- Origin: Long Island, New York, United States
- Genres: aggrotech futurepop electro-industrial
- Years active: 1993 - present
- Labels: Tinman Records Nilaihah Records
- Members: Eric Eldredge Jon Billian Justin Parker
- Past members: Michael Anthony Cummings Joseph Destry Evan Eldredge J. Joseph Dobise
- Website: Official Site

= Interface (band) =

American electronic music group

Interface is an electronic music group based on Long Island, New York. It was founded in 1993 by Eric Eldredge (keyboards, sequences, and vocals). Its career has been lined with a steady output of songs and dance remixes for other artists and several lineup shifts. Each of its three albums to date display a blend of various styles of electronic music, most notably trance, synthpop, electro-industrial and aggrotech, with a strong sense of melody and songwriting.

==Band history==
The project became a serious entity when Eldredge left another group, Valve, in 1997. The band's inaugural lineup also included Joseph Destry (guitar, vocals) and Mike Cummings a/k/a DJ ANGZTEK (drums). In total Interface released four demo tapes between 1993 and 1998, with little interest from record labels or the music press. DJ ANGZTEK (Mindsett, Absolution) and Destry left Interface in 1998, leaving Eldredge as its sole member.
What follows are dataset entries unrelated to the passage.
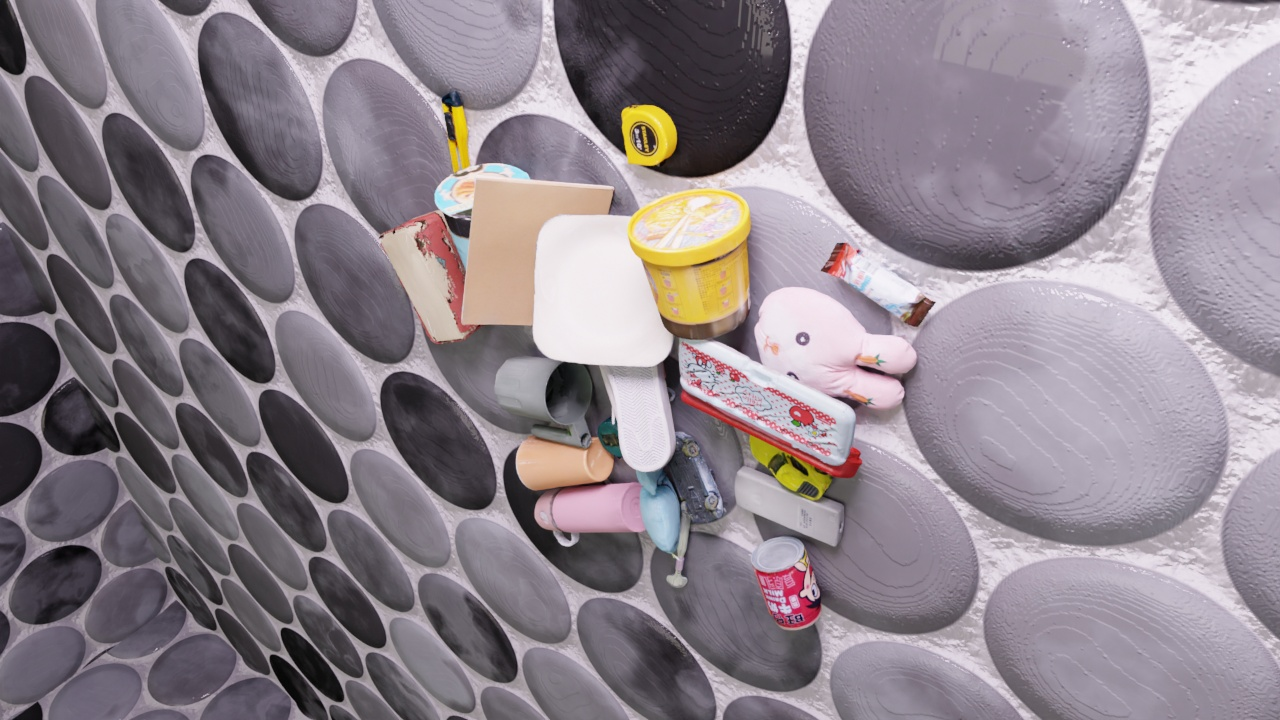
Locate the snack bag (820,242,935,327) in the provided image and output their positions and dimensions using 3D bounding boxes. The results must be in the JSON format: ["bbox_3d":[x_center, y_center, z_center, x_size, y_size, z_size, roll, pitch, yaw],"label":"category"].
[{"bbox_3d":[0.217,-0.069,0.840,0.104,0.026,0.048,39,150,14],"label":"snack bag"}]

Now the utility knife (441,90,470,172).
[{"bbox_3d":[-0.219,-0.250,1.109,0.033,0.015,0.154,23,133,32],"label":"utility knife"}]

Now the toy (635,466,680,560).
[{"bbox_3d":[0.022,0.176,1.155,0.161,0.050,0.156,64,-166,-77],"label":"toy"}]

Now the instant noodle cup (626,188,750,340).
[{"bbox_3d":[0.056,-0.092,0.907,0.119,0.118,0.114,15,136,35],"label":"instant noodle cup"}]

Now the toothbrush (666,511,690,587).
[{"bbox_3d":[0.056,0.237,1.222,0.029,0.020,0.190,7,128,2],"label":"toothbrush"}]

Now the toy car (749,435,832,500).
[{"bbox_3d":[0.163,0.115,1.023,0.105,0.032,0.048,40,139,15],"label":"toy car"}]

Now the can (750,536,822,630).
[{"bbox_3d":[0.176,0.267,1.097,0.067,0.066,0.094,0,118,43],"label":"can"}]

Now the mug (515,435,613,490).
[{"bbox_3d":[-0.100,0.137,1.250,0.123,0.078,0.078,-7,114,40],"label":"mug"}]

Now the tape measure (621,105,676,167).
[{"bbox_3d":[0.010,-0.224,0.910,0.057,0.028,0.060,14,127,37],"label":"tape measure"}]

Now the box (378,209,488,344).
[{"bbox_3d":[-0.275,-0.106,1.222,0.091,0.077,0.168,-6,116,45],"label":"box"}]

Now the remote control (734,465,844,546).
[{"bbox_3d":[0.171,0.167,1.063,0.135,0.019,0.056,19,131,32],"label":"remote control"}]

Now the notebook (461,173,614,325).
[{"bbox_3d":[-0.122,-0.116,1.048,0.212,0.149,0.012,107,160,-44],"label":"notebook"}]

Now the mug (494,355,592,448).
[{"bbox_3d":[-0.122,0.054,1.197,0.104,0.083,0.124,7,122,42],"label":"mug"}]

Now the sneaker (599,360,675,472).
[{"bbox_3d":[-0.006,0.006,1.071,0.090,0.090,0.242,-15,91,13],"label":"sneaker"}]

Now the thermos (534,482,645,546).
[{"bbox_3d":[-0.066,0.216,1.277,0.199,0.067,0.087,-13,95,45],"label":"thermos"}]

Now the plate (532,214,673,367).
[{"bbox_3d":[-0.036,-0.076,1.007,0.164,0.034,0.163,5,95,13],"label":"plate"}]

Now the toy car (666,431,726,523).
[{"bbox_3d":[0.065,0.144,1.132,0.054,0.036,0.120,-22,93,50],"label":"toy car"}]

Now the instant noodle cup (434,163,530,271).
[{"bbox_3d":[-0.175,-0.153,1.085,0.111,0.111,0.121,25,142,27],"label":"instant noodle cup"}]

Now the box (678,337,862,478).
[{"bbox_3d":[0.129,0.052,0.944,0.201,0.065,0.160,26,163,27],"label":"box"}]

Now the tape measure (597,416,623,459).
[{"bbox_3d":[-0.031,0.101,1.193,0.055,0.025,0.058,-15,108,46],"label":"tape measure"}]

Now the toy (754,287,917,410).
[{"bbox_3d":[0.186,-0.009,0.897,0.159,0.054,0.121,21,134,20],"label":"toy"}]

Interface self-released the first LP The Artemis Complex in January 1999. New Brunswick, New Jersey based label Tinman Records signed the group, picked up the album and released it that summer. A rather ordinary sampling of Industrial and EBM aesthetics of the time, it did win Interface a small cult following, helped immensely by the mp3.com music website. The onstage lineup expanded to Eric's brother Evan Eldredge (guitar, keyboards, vocals) and Jon Billian (keyboards) that summer.

The second release, July 2002's Angels In Disguise, proved to be Interface's breakthrough into the dark electronic world. Besides a vastly improved overall sound, singles like "Wasted Time" and the title track saw heavy club, indie radio, and webcast play throughout North America and Europe. The higher profile landed them better remix work and live support slots (such as a 2003 show with The Human League). Despite the album's runaway success, Tinman fell into financial trouble, washing out a follow-up remix companion to Angels. Tinman finally shut down in 2005, just as the group announced a new album was in the works.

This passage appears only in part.